Mr Fuseini Zaanyeya, who is 35 years old from Gbrimani Tibogu, cultivates and aggregates cowpea in the Tolon District of the Northern Region, where he earns substantial profit on his investment.
He has bought a tractor after harvesting over 500 bags of cowpea, and has continued to increase his acreage to earn more income.
Prior to taking into cowpea cultivation, Mr Fuseini had travelled from the north to Accra in search of better opportunities to make money to return home to continue his education, but only ended up as a head porter in scrap business, where life became difficult.
He was introduced to an improved cowpea variety when he visited home, which he cultivated and made good harvest convincing him to abandon the scrap business in Accra, and has since remained home continuing the cowpea cultivation and aggregation business.
The improved cowpea varieties which had been developed by Council for Scientific and Industrial Research -Savannah Agricultural Research Institute (CSIR-SARI) and its partners, and cultivated by Mr Fuseini, had been in existence for some time.
However with CSIR-SARI as a coordinating agency and with support from ICRISAT, International Institute of Tropical Agriculture (IITA), Ministry of Food and Agriculture (MOFA) and Heritage Seeds Company as part of the Tropical Legumes III project (TLIII) from 2016 to 2018, these varieties were extensively promoted to ensure farmers’ increased access to them.
The developed and certified improved cowpea varieties promoted are Padi-tuya, Songtaba, Zaayura, Apagbala, Kirkhousebenga and Wankai.
Mr Fuseini’s success in the cultivation of the improved cowpea variety has encouraged many youth in the area to stay home to engage in agriculture whilst others, who migrated to the south engaging in menial jobs, have also started returning home to join the sector.
Mr Fuseini, in a video documentary produced by Savannah Communications Ltd with funding from CGIAR Research Programme on Grain Legumes and Drylands Cereals to share his story, advised the youth to take into the cultivation of improved cowpea varieties because they ensured high yields, and demand for the produce was also high.
Dr Julius Yirzagla, Objective six Leader on the SARI/IITA TLIII project said it had led to the production of 200 tons of foundation seeds nationwide, 3,000 tons of certified seeds by beneficiary communities, the setting up of four innovative platforms in the north, and training of 2,800 innovative platform members to help popularise the seeds in the communities.

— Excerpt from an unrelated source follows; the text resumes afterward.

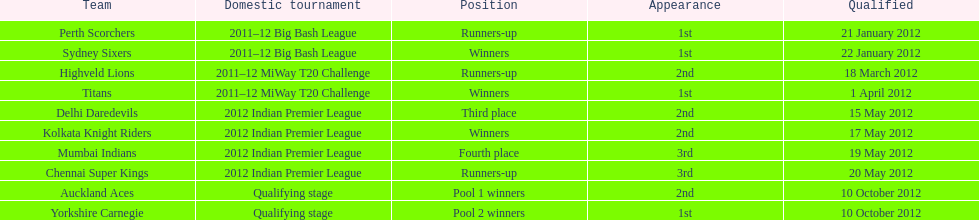Can you parse all the data within this table? {'header': ['Team', 'Domestic tournament', 'Position', 'Appearance', 'Qualified'], 'rows': [['Perth Scorchers', '2011–12 Big Bash League', 'Runners-up', '1st', '21 January 2012'], ['Sydney Sixers', '2011–12 Big Bash League', 'Winners', '1st', '22 January 2012'], ['Highveld Lions', '2011–12 MiWay T20 Challenge', 'Runners-up', '2nd', '18 March 2012'], ['Titans', '2011–12 MiWay T20 Challenge', 'Winners', '1st', '1 April 2012'], ['Delhi Daredevils', '2012 Indian Premier League', 'Third place', '2nd', '15 May 2012'], ['Kolkata Knight Riders', '2012 Indian Premier League', 'Winners', '2nd', '17 May 2012'], ['Mumbai Indians', '2012 Indian Premier League', 'Fourth place', '3rd', '19 May 2012'], ['Chennai Super Kings', '2012 Indian Premier League', 'Runners-up', '3rd', '20 May 2012'], ['Auckland Aces', 'Qualifying stage', 'Pool 1 winners', '2nd', '10 October 2012'], ['Yorkshire Carnegie', 'Qualifying stage', 'Pool 2 winners', '1st', '10 October 2012']]} Which team came in after the titans in the miway t20 challenge? Highveld Lions.

Dr Yirzagla said the project had led to sustainable production of improved varieties of cowpea and certified seeds as well as their delivery to farmers urging farmers to adopt the new improved varieties to increase food production to ensure food security and boost their incomes.
Alhaji Iddrisu Zakaria, Managing Director of Heritage Seeds Company gave the assurance of continuing to work to ensure farmers’ increased access to certified and improved cowpea seeds as well as reaching out to the youth to embrace the cultivation of cowpea in the country to amongst others stem the tide of rural-urban migration.